Data provided START
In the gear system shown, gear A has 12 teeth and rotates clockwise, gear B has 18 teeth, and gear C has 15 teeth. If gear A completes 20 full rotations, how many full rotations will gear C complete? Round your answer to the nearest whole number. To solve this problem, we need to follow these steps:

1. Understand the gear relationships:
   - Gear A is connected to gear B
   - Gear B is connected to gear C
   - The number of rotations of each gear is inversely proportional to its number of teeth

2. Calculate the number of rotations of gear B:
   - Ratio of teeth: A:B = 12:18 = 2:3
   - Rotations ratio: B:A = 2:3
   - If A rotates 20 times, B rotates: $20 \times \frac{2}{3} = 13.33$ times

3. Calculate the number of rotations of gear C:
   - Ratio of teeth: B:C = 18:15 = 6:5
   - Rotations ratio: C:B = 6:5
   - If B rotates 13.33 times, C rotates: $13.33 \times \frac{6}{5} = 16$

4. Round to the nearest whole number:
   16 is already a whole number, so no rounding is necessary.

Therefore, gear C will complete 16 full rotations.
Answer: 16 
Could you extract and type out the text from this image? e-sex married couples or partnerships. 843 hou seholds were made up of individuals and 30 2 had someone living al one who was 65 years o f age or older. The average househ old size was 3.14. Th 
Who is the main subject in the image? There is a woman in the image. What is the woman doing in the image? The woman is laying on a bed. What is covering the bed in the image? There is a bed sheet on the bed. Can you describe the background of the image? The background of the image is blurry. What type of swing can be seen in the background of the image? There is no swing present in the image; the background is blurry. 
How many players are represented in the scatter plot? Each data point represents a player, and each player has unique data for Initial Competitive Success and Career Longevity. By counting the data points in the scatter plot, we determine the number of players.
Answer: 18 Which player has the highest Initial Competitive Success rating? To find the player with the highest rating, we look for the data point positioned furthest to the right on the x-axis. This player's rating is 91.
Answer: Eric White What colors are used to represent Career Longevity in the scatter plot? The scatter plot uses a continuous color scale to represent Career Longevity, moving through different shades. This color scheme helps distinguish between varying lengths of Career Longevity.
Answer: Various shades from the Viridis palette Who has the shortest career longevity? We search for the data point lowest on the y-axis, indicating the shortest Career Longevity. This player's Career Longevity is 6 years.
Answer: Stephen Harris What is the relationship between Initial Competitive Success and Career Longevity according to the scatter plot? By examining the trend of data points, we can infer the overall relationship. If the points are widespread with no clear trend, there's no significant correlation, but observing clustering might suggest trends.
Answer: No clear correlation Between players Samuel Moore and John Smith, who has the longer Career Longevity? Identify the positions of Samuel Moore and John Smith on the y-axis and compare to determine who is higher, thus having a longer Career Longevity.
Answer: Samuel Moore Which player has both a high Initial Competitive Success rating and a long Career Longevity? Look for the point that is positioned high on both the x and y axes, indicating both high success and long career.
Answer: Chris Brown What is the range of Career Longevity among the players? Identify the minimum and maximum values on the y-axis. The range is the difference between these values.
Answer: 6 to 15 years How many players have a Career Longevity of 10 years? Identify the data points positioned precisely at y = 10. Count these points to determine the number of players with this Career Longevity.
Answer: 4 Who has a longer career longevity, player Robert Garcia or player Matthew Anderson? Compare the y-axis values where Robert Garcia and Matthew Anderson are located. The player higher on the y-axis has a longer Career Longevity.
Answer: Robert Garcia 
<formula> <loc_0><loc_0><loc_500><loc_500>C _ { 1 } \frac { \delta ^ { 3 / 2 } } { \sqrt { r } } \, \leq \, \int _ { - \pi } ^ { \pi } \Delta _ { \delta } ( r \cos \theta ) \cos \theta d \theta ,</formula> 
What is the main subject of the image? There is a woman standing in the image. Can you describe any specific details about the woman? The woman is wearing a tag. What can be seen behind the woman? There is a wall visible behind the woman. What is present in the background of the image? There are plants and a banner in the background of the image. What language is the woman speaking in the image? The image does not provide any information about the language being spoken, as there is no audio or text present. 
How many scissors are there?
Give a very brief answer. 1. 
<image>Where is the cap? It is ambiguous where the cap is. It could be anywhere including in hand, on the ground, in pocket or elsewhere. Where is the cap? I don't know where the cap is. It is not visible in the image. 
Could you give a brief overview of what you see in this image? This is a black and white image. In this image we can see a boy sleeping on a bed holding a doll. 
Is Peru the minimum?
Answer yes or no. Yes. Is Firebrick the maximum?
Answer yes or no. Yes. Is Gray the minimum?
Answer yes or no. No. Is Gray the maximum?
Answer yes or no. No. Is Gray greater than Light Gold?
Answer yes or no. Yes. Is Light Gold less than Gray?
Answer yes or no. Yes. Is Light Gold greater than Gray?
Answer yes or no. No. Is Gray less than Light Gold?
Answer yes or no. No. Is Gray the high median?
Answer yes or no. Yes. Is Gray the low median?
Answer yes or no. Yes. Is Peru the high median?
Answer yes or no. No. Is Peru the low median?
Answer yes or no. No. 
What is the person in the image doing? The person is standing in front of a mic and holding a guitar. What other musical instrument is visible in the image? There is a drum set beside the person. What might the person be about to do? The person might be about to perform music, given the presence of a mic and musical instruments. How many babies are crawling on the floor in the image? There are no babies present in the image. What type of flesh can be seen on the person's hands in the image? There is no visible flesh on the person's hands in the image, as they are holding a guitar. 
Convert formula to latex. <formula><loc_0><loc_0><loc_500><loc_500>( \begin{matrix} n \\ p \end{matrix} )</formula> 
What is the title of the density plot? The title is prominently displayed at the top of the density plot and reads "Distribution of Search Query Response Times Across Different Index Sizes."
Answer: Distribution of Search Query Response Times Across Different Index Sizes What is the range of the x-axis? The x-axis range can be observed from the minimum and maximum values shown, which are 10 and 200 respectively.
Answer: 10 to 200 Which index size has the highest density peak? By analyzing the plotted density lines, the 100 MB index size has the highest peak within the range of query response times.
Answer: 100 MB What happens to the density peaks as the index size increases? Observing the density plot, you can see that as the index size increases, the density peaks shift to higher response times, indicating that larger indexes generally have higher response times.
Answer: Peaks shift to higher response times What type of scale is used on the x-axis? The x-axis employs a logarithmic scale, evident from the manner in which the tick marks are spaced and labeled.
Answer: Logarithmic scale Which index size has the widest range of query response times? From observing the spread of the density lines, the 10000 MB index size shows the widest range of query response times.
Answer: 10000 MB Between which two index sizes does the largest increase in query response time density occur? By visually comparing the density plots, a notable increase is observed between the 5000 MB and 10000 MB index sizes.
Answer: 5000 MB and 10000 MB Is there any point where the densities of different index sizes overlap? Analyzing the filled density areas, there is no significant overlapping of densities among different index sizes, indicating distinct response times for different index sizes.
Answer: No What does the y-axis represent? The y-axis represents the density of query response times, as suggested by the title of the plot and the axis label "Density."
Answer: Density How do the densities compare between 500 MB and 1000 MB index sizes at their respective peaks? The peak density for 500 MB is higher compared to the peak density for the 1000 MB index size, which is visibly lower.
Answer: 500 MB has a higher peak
Data provided END
**The problem**
The expected answer is an exact copy of the lines above, beginning at the line with "<image>Where is the" and ending at the line with "Answer yes or no. Yes. Is Firebrick", with both ends in.

**Result of this task**
<image>Where is the cap? It is ambiguous where the cap is. It could be anywhere including in hand, on the ground, in pocket or elsewhere. Where is the cap? I don't know where the cap is. It is not visible in the image. 
Could you give a brief overview of what you see in this image? This is a black and white image. In this image we can see a boy sleeping on a bed holding a doll. 
Is Peru the minimum?
Answer yes or no. Yes. Is Firebrick the maximum?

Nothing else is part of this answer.